An example might illustrate what I mean: Most literature has treated cigarette consumption by the poor as an addiction, an unwanted habit that consumes an undue portion of income. If this income was instead spent on acquiring more calories, the poor could increase their productivity and improve their standard of living, or so the story goes. However, these approaches ignore the possibility that cigarettes may serve a very direct and relevant need – the reduction of stress levels caused by living on the margin of survival. Thus, a more libertarian approach would recognize that in addition to feeding themselves, the poor are correctly concerned with stress-reduction, which is necessary for maintaining or indeed increasing their productivity. By narrowly focusing on calorie intake, and treating cigarette consumption in a rather patronizing manner, these approaches generate bad analysis. However, the other extreme would be acknowledging that poor workers use cigarettes for stress-reduction, and empowering this choice in the name of “freedom of choice.” The problem here is that cigarettes kill. Therefore, a true aid to the poor would be the provision of alternative, healthier methods of stress-reduction that can compete with cigarettes in terms of effectiveness and affordability. Notice that such a policy can only come about by a mixture of libertarianism and paternalism: first, we should take the choices of the poor at face value to understand what needs they serve; and once we know this we must seek to provide better, healthier ways of meeting these same needs. Instead, researchers have too often focused on what the poor should need, and then wondered why they don’t behave accordingly. 

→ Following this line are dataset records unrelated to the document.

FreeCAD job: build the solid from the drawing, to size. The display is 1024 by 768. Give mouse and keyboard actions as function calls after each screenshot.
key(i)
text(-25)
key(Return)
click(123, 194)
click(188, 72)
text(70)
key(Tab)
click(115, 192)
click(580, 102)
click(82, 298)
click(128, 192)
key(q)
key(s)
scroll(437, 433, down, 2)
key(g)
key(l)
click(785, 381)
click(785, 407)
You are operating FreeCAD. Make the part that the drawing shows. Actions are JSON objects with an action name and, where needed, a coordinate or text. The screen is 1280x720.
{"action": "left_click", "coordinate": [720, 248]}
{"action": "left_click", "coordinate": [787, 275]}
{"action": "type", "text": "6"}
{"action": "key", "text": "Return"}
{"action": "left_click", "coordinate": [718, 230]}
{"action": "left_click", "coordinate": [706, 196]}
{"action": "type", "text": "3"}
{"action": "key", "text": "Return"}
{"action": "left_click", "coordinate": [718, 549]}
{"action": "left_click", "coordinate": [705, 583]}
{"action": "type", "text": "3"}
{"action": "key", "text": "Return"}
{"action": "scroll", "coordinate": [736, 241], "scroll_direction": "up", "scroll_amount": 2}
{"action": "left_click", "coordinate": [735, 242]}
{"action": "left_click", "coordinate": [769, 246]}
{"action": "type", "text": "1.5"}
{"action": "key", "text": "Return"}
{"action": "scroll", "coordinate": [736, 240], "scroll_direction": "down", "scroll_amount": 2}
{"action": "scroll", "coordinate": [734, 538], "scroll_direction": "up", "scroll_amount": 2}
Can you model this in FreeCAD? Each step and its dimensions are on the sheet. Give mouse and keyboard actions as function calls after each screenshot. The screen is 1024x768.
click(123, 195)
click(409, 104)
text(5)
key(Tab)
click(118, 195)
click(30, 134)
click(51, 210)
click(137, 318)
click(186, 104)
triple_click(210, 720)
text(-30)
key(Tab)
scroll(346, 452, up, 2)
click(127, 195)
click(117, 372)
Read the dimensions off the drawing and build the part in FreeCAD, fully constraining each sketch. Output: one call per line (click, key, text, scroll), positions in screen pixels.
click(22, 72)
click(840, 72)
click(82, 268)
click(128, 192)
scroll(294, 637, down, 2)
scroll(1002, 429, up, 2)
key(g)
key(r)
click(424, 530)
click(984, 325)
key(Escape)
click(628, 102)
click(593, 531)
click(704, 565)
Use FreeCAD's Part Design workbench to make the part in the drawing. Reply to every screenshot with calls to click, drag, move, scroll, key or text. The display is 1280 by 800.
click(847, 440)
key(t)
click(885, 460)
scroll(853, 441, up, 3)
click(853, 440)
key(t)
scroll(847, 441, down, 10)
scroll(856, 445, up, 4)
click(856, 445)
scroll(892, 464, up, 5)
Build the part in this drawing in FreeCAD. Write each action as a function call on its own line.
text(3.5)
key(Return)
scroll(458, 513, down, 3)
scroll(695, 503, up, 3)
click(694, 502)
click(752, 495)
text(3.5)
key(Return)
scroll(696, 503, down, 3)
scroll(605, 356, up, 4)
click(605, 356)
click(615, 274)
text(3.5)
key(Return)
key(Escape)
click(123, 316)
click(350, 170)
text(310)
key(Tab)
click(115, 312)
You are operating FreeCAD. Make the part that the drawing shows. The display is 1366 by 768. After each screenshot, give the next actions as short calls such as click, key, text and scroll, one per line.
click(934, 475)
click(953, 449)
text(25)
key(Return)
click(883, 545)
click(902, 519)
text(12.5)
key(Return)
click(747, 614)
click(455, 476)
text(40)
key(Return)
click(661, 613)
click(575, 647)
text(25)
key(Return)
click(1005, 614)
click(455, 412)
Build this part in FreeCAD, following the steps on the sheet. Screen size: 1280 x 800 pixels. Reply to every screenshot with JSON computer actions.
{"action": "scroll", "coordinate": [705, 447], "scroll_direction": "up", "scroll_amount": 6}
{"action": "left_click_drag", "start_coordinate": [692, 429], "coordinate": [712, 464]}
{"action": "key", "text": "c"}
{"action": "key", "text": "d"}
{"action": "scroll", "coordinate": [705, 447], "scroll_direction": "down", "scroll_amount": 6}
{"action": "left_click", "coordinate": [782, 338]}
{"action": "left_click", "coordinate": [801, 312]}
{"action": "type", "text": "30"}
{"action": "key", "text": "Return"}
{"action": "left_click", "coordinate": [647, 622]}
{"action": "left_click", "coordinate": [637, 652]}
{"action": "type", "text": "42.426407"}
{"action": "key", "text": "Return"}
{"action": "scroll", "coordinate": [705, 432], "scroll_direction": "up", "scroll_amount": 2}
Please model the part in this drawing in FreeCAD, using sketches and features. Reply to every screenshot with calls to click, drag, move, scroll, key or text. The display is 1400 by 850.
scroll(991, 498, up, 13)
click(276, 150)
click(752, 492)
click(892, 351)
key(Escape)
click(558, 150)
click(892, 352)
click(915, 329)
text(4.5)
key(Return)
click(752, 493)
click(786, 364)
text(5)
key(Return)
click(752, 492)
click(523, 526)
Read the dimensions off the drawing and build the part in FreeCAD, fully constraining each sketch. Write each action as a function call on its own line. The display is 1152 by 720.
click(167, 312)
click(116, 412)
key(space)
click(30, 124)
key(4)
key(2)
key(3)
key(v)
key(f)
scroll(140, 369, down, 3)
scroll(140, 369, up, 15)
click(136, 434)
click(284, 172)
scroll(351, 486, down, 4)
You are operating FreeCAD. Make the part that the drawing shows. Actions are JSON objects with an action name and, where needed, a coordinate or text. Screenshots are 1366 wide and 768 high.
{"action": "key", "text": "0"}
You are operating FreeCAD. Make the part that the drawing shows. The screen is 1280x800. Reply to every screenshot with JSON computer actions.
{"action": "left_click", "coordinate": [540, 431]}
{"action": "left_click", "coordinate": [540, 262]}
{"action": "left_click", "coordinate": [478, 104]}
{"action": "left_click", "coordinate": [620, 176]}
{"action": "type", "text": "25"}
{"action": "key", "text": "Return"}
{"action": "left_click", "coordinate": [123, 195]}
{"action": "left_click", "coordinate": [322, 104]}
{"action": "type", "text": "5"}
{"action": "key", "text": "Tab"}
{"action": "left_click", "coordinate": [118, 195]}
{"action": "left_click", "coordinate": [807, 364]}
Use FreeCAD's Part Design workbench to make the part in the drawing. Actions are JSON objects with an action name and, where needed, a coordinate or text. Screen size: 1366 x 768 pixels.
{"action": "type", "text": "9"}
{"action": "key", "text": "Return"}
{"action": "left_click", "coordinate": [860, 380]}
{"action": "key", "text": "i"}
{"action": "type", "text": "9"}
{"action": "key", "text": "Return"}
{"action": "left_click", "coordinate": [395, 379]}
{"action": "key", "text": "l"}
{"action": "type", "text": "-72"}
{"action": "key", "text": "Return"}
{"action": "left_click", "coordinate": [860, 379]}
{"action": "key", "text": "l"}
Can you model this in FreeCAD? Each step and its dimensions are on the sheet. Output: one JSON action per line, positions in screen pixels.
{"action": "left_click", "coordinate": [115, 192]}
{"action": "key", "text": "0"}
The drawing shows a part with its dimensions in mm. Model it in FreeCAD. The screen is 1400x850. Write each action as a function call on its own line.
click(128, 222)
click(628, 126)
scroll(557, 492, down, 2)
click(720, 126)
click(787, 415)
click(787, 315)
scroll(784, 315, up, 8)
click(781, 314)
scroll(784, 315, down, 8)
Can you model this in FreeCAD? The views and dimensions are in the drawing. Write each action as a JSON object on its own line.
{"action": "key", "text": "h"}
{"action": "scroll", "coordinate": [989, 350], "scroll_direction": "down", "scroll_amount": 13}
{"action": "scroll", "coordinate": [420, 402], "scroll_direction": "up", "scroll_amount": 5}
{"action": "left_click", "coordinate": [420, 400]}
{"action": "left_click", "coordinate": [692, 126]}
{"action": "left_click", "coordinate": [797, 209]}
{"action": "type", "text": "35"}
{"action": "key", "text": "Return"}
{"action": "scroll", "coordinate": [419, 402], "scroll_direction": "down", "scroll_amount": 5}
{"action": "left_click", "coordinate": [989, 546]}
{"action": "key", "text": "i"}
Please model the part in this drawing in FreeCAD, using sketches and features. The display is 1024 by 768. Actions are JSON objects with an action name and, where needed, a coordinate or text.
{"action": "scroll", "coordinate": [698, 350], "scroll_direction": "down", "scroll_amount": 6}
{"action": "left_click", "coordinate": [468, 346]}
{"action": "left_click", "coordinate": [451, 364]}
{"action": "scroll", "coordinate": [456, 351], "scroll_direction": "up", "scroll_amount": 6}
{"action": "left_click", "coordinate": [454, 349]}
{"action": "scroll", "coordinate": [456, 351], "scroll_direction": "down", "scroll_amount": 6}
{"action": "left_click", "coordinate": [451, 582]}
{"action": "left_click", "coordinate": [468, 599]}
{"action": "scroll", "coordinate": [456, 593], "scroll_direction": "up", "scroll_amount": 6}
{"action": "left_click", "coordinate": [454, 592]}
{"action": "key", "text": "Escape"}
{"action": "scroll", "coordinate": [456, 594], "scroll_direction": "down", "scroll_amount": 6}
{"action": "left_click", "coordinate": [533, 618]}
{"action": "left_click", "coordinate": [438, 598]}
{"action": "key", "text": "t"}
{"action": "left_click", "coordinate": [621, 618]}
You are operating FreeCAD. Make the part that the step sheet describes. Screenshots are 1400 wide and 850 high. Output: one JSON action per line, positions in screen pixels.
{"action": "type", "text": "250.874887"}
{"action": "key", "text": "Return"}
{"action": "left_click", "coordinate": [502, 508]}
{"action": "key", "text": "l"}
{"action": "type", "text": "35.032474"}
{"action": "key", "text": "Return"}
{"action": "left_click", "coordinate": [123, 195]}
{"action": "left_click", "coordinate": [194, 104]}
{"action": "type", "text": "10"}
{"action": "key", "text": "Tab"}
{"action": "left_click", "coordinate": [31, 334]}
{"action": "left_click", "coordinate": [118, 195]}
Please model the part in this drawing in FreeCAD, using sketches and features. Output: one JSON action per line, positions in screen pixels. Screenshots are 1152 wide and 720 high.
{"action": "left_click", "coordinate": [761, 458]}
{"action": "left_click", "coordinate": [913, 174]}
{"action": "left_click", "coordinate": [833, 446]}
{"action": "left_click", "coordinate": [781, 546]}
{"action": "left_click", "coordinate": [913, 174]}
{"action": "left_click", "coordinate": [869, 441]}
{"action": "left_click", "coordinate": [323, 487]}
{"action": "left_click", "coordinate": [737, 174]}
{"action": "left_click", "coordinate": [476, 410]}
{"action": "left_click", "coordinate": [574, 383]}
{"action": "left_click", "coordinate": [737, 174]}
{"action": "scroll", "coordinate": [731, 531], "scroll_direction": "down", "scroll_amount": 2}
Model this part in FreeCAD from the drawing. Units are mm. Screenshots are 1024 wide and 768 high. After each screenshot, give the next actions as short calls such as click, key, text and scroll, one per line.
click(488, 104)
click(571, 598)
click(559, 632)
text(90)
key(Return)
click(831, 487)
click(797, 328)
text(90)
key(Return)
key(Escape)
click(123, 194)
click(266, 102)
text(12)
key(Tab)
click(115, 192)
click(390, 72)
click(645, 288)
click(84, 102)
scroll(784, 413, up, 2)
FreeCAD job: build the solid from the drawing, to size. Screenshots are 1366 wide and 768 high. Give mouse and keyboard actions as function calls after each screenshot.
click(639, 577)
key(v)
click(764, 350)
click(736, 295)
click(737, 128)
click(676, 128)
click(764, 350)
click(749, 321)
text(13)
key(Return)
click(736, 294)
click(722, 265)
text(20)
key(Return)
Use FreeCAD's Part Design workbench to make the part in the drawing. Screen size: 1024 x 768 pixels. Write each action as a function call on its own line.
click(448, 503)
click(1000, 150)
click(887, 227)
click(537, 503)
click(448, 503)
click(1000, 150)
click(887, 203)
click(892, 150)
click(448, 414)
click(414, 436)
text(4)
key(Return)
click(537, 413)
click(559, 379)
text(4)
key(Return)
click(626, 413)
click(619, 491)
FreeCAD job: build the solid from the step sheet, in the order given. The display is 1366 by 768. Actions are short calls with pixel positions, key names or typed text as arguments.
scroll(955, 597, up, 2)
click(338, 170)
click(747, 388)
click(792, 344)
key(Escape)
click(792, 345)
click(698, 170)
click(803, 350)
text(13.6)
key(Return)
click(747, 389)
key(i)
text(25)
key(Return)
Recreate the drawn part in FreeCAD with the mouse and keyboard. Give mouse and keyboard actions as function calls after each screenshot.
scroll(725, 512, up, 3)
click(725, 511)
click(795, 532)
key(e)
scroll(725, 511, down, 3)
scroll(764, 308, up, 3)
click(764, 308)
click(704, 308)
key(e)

To make my arguments, I will primarily rely on the essay by Banerjee & Duflo (2006) called “the economic lives of the poor.” Through this and other closely associated texts I will try to establish how development economics tends to approach the issue of nutritional spending by the poor. Banerjee & Duflo analyse the relationship between income, nutrition and productivity as follows: people spend their energy on work, which earns them income; they use their income to purchase food, which gives them energy to perform work tomorrow. Thus, food (or energy received from food) mediates the relationship between income today and income tomorrow. While this model implies that the poor should consume as many calories as possible, this is not actually the case. More specifically, the poor very frequently spend their money on “expensive calories” such as sugar, or non-food items such as cigarettes and tobacco.

I will challenge Banerjee & Duflo on the following account: I will argue that the focus on caloric intake is too narrow, and the link between calories consumed and productivity is exaggerated at the expense of other highly-relevant causal factors. Specifically, expanding the model by incorporating “stress” explains observed behavior better than the original model. Using some evidence from neuroscience, I will show that expenditures on sugar, alcohol and cigarettes are actually quite predictable if we understand that productivity is related to stress. Stress affects cortisol levels, which affects blood-sugar levels and causes craving for sugar. Similarly, both alcohol and tobacco are shown to regulate cortisol levels (albeit at the expense of other health factors). Thus, the poor are actually making choices that help them maintain their productivity, but through channels that are ignored by the authors. 

In the final analysis, I will complement this “healthy libertarianism” with a “healthy paternalism” by arguing that just because the poor use sugar, tobacco and alcohol for stress-reduction does not mean that it’s the best idea. These substances have long-term detrimental effects that are not fully internalized by individuals. Thus, it is in the long-run interest of the poor to have access to stress-reduction tools that are just as affordable and effective as tobacco or alcohol, but are less damaging. It is completely beyond the scope of my knowledge to promote any actual remedies, so my contribution is merely showing that we can talk about the poor in a less paternalistic way while also improving our analysis.